Thursday, November 14, 2013

non-blocking cache with guava and listenable futures (or why I hate ehcache some days)

trying to scale? just throw more cache at the problem!

Yes, I'm going to use the term "cache" in lots of ironic and financially metaphoric ways in this post. My apologies.

Caching makes a lot of things possible in everything we do on the Internet and on computer systems in general. That said, caching can also get you into trouble for a variety of reasons such as how wisely you use memory, how performant your cache is under contention, and how effective your cache is (i.e. cache-hit ratio).

If you're using Java, chances are you've heard of ehcache at some point.
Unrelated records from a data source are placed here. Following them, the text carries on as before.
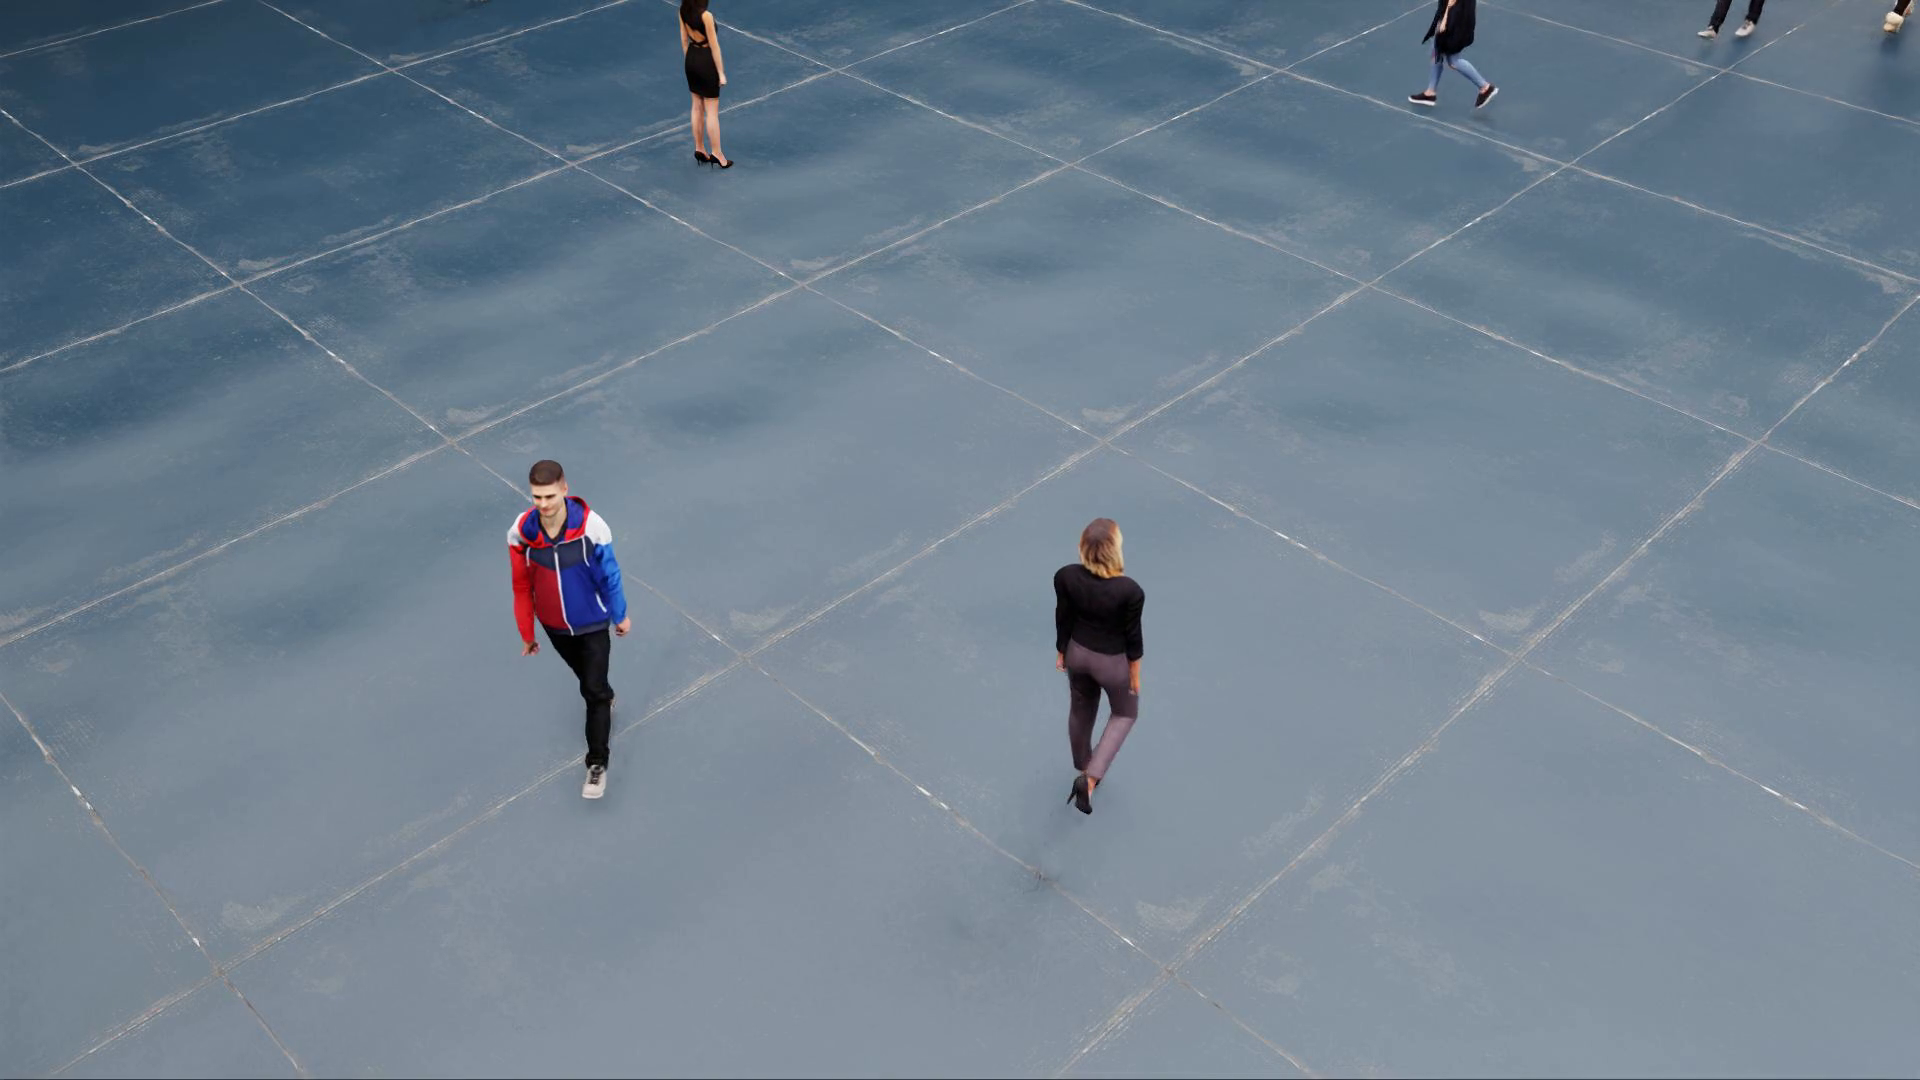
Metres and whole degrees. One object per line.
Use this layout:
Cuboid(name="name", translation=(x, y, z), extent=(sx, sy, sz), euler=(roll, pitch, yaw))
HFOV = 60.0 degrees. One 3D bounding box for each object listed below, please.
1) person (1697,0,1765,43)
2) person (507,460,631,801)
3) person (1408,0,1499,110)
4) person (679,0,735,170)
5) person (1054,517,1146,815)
Cuboid(name="person", translation=(7.686, -5.637, 15.971), extent=(1.157, 1.706, 0.697), euler=(-25, 44, -29))
Cuboid(name="person", translation=(-1.859, 0.310, 8.132), extent=(1.048, 1.727, 1.159), euler=(4, 37, 5))
Cuboid(name="person", translation=(4.432, -4.544, 14.569), extent=(0.932, 1.662, 1.033), euler=(14, 39, 18))
Cuboid(name="person", translation=(-2.120, -3.855, 13.673), extent=(0.575, 1.650, 0.506), euler=(25, 44, 29))
Cuboid(name="person", translation=(0.617, 0.649, 7.740), extent=(0.726, 1.660, 0.825), euler=(17, 40, 21))

While there's a lot that ehcache does well, there's a particular aspect of it that in my experience doesn't scale well, and under certain conditions can take down your application. In fact, part of the reason I'm writing this blog post is the aftermath of raising my arms in the air and screaming after examining a performance issue related to ehcache which caused a failed load test today.

mo' (eh)cache, mo' problems

When reading data from ehcache, you end up blocking until a result can be returned (more on that here). While this is necessary for the first time you fetch data from the cache, since something has to be loaded in order to be returned, it's probably not the case that you need to block for subsequent requests. To clarify this, if you're caching something for 1 hour and it takes 5 seconds to load, you probably don't care about loading data that's 1 hour and 5 seconds old, especially if the alternative is blocking the request to your application for 5 seconds to do it as well as every other request trying to load that data.

Unfortunately, and if I'm wrong here I hope someone will call me out in the comments, ehcache blocks every time the data needs to be reloaded. Furthermore, it uses a ReadWriteLock for all reads as well along with a fixed number of mutexes (2048 by default), so you can end up with read contention as well given enough load. While I understand the decisions that were made and why, there are cases where it isn't ideal and you don't want to grab any locks to create blocking conditions.

making your cache work for you

To be fair, this problem really manifests itself when you have high contention on specific keys, particularly when reloading events occur. In most cases ehcache performs perfectly fine; this post isn't meant to be a general condemnation of a very popular and useful library. That said, in order to solve the problem we don't really want to block on reads or writes; we want to refresh our data in the background, and only update what consumers of the cache see when we have that refreshed data.

This can be accomplished by having a thread go and reload the data while the cache returns stale entries until new data is available. This accomplishes both the goals of not requiring read or write locks outside of the initial population of the cache, which is unavoidable. Even better, Guava Cache has all of this functionality baked in.

refresh after write and listenable futures in guava cache

Guava Cache can handle this by telling the CacheBuilder via refreshAfterWrite to refresh entries by calling the reload method in the CacheLoader instance used to construct your LoadingCache instance. The reload method returns a ListenableFuture, which is the same as a regular Future but exposes a method to register a callback. In this case, the callback is used to update the value in the cache once we've finished retrieving it.

Here's an example of this in action:

The sleeps are in there to create artificial latency to show what this looks like in action. If you run this you'll see the asynchronous load events kick off and can witness the five seconds of latency in between that event firing and the data being updated. You should also notice that reads keep succeeding in the meantime. There is a small spike the first time an asynchronous load fires, which I assume is a one-time cost resource allocation within Guava Cache.

There is one point to consider when doing this, which is how to shut down your refresh thread. In my example I used a ThreadFactory (courtesy of ThreadFactoryBuilder) to set my refresh thread as a daemon thread, which allows the JVM to shut down at the end. I also used the ThreadFactory to name the thread, which I would recommend as a general practice to make debugging easier on yourself whenever you're creating thread pools. In my example there aren't any resource concerns, so it doesn't matter if the thread is terminated, but if you had resource cleanup to perform for some reason you'd want to wire up a shutdown hook to your ExecutorService in your application since the pool would exist eternally.

For a use case like this, you'd want to be judicious about how many threads you're willing to allocate to this process as well. The number should scale somewhat to the maximum number of entries and refresh interval you choose so that you can refresh in a timely manner without consuming too many resources in your application.

conclusion

If you've come across this problem, then I hope this post helps you get past it. To reiterate what I said before, ehcache is a solid API overall, it just doesn't handle this case well. I haven't tested the Guava Cache implementation under high load conditions yet, so it's certainly possible that it has issues I've left out of the post, but from a face value standpoint it addresses the issues I've seen with ehcache in a way that doesn't involve rolling your own solution from scratch.

Feel free to share any feedback or things I may have missed in the comments!